I have to confess that I have minimal personal experience communicating with the deaf, so it’s hard for me to get my head around how exactly this app would be more effective than, say, using pad and paper to communicate. Would the deaf user have to position the device at a distance, sign, and then hand the device over to his interlocutor for reading? It seems to me that the best way for this app to enable a seamless, Babelfish-like experience would be for the hearing person to have his smart phone loaded with the app, have his camera trained on the person who is signing, and furthermore have headphones immediately rendering the text into speech. Technabling, for now, appears to be focusing on the gesture recognition tech, and is less concerned with exactly how the tech would be implemented in app form.

Setting aside the exact manner of implementation, there are actually other, less intuitive reasons to get excited about such an app. One of the coolest things about the app is that it would let users create their own private, or semi-private, languages. Writes Technabling:

“This means that any signer can create her/his own set of signs and … and associate to them their own words and concepts. In this way, signers can bridge the current communication gap with the wider community around them, being able to use whatever jargon they need in whatever situation they may find themselves (e.g., in education, in training, at work, at home, on the go).”

In other words, say you’re hard of hearing, and you’re also extremely interested in computer science. Plenty of new jargon and terminology is constantly emerging in computer science, but American Sign Language is unlikely to keep up with all that jargon. You could use the app to invent signs to express these bits of jargon, saving you the trouble of having to spell out every word letter by letter.

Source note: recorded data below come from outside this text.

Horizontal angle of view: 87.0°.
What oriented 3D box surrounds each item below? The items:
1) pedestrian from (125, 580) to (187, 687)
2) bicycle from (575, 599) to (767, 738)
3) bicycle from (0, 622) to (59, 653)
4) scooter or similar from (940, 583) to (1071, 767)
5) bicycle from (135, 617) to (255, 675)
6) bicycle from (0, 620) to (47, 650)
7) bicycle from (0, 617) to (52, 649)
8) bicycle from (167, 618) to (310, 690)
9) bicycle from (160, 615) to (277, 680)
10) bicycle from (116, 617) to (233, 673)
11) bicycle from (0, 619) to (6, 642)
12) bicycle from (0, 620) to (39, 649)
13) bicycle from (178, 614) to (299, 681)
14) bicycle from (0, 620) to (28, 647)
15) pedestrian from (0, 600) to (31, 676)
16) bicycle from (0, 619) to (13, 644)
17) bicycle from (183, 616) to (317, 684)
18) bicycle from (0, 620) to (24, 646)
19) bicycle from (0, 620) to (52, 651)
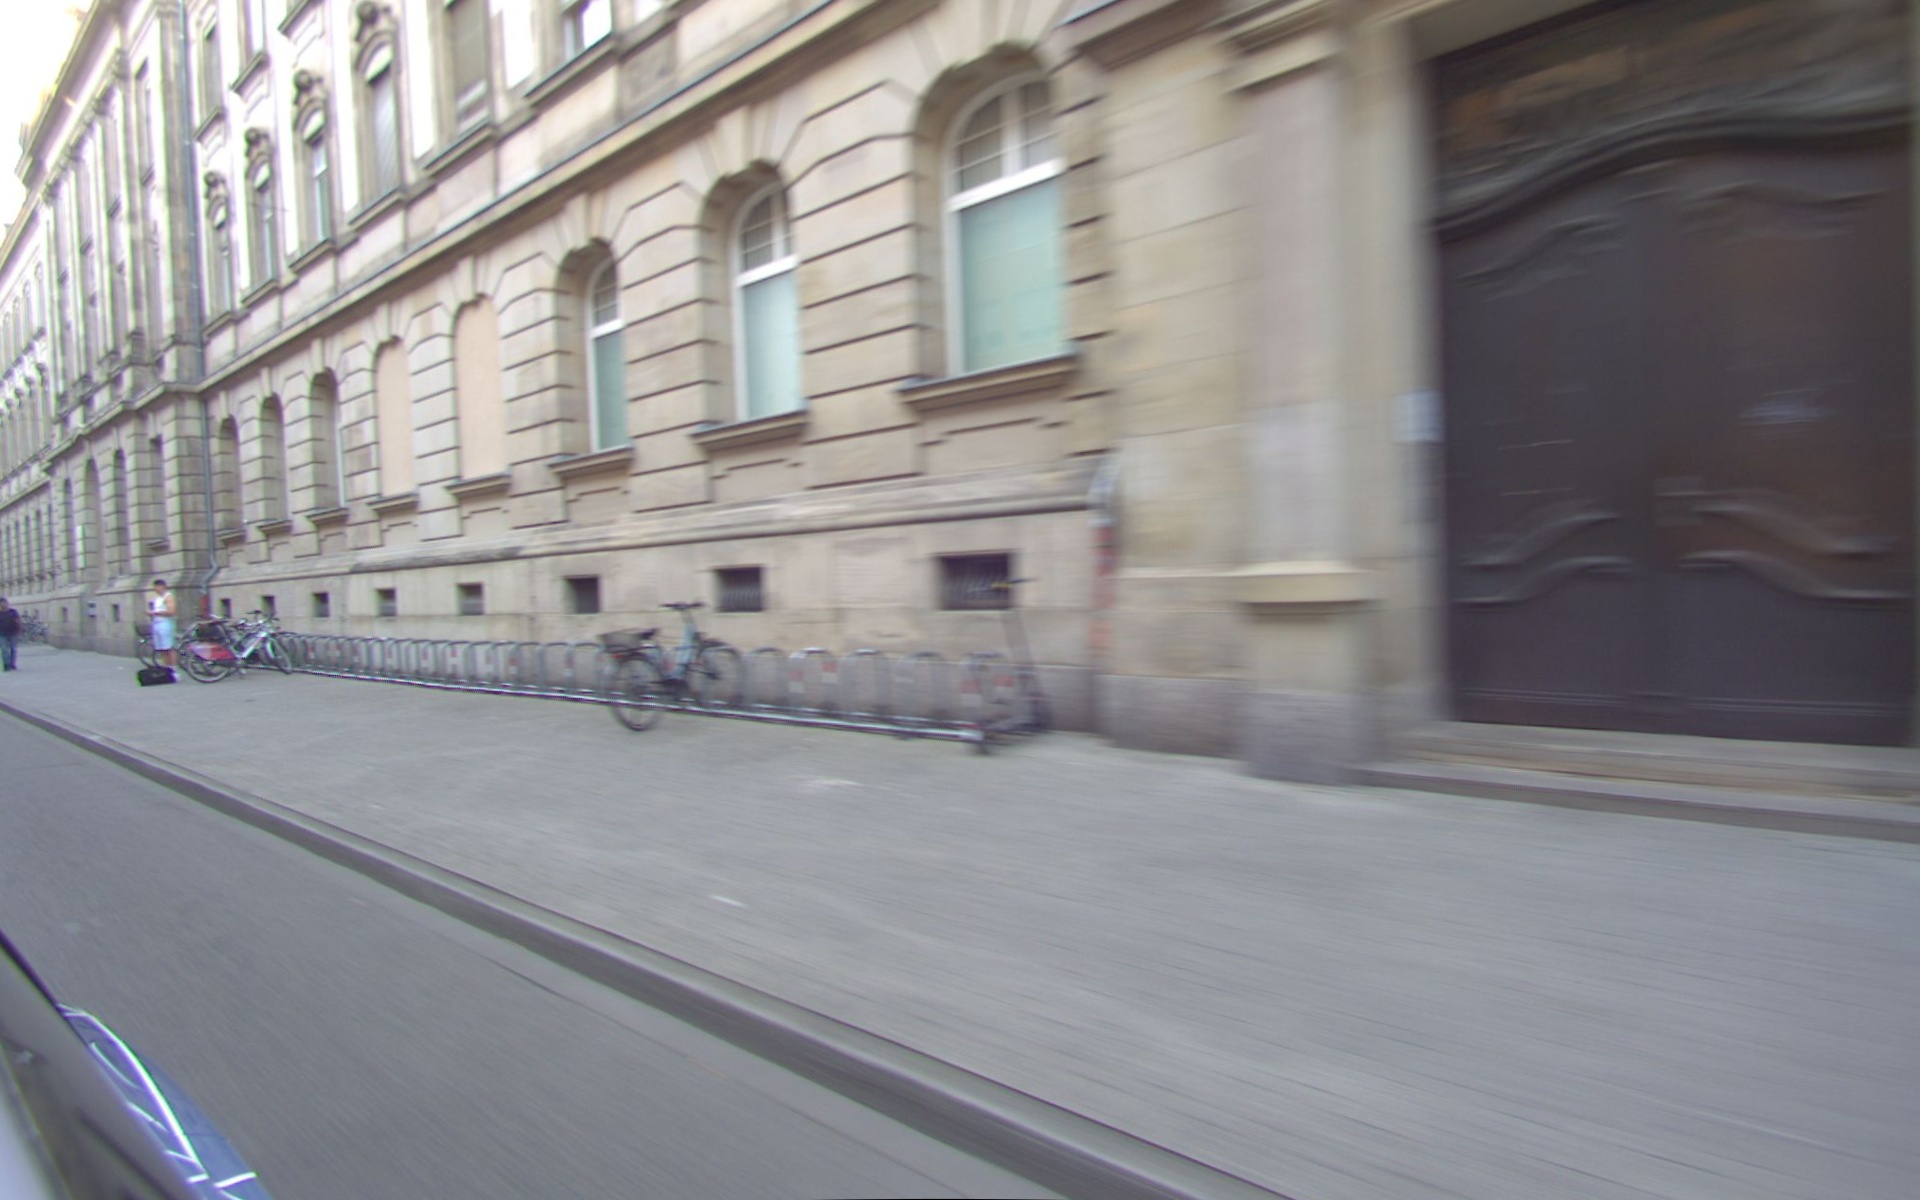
[{"bbox_3d":[-14.575,0.593,18.351,0.753,1.865,0.583,-2,2,35],"label":"pedestrian"},{"bbox_3d":[-2.735,0.605,9.832,0.616,1.069,1.927,-2,4,26],"label":"bicycle"},{"bbox_3d":[-35.704,1.416,38.539,0.720,1.053,1.918,-2,2,36],"label":"bicycle"},{"bbox_3d":[0.370,0.522,7.637,0.495,1.241,1.126,-2,2,29],"label":"scooter or similar"},{"bbox_3d":[-16.397,0.962,21.747,0.618,1.069,1.921,-1,3,35],"label":"bicycle"},{"bbox_3d":[-37.940,1.410,40.473,0.728,1.086,1.922,-1,3,34],"label":"bicycle"},{"bbox_3d":[-36.451,1.272,39.083,0.747,1.086,1.918,-1,3,40],"label":"bicycle"},{"bbox_3d":[-12.732,0.926,17.919,0.619,1.069,1.919,0,3,39],"label":"bicycle"},{"bbox_3d":[-14.785,0.925,20.220,0.499,1.116,1.779,-1,3,35],"label":"bicycle"},{"bbox_3d":[-17.413,0.973,22.478,0.619,1.069,1.918,-1,3,40],"label":"bicycle"},{"bbox_3d":[-47.762,1.563,49.086,0.725,1.086,2.011,-2,3,21],"label":"bicycle"},{"bbox_3d":[-38.984,1.438,41.274,0.728,1.086,1.922,-1,3,34],"label":"bicycle"},{"bbox_3d":[-13.850,0.881,19.469,0.499,1.116,1.779,-1,3,35],"label":"bicycle"},{"bbox_3d":[-41.664,1.473,43.714,0.728,1.086,1.922,-1,3,34],"label":"bicycle"},{"bbox_3d":[-23.082,0.908,24.419,0.969,1.763,0.801,-1,3,41],"label":"pedestrian"},{"bbox_3d":[-45.204,1.517,46.803,0.728,1.086,1.921,-1,3,34],"label":"bicycle"},{"bbox_3d":[-13.240,0.900,18.928,0.618,1.069,1.921,-1,3,35],"label":"bicycle"},{"bbox_3d":[-42.569,1.485,44.483,0.728,1.086,1.922,-1,3,34],"label":"bicycle"},{"bbox_3d":[-37.315,1.399,40.018,0.728,1.086,1.922,-1,3,34],"label":"bicycle"}]

The scientists also see a possible application that doesn’t involve being deaf or hard of hearing at all. They think that people with “reduced mobility and speech difficulties due to ill health or accidents” might also use the technology to issue commands to smart appliances around the house, “using a simple but effective set of hand gestures tailored to their physical capabilities.” In other words, the app might eventually become something like a much smarter version of those clap-on-clap-off lights whose commercials were a parody staple on playgrounds some 30 years ago.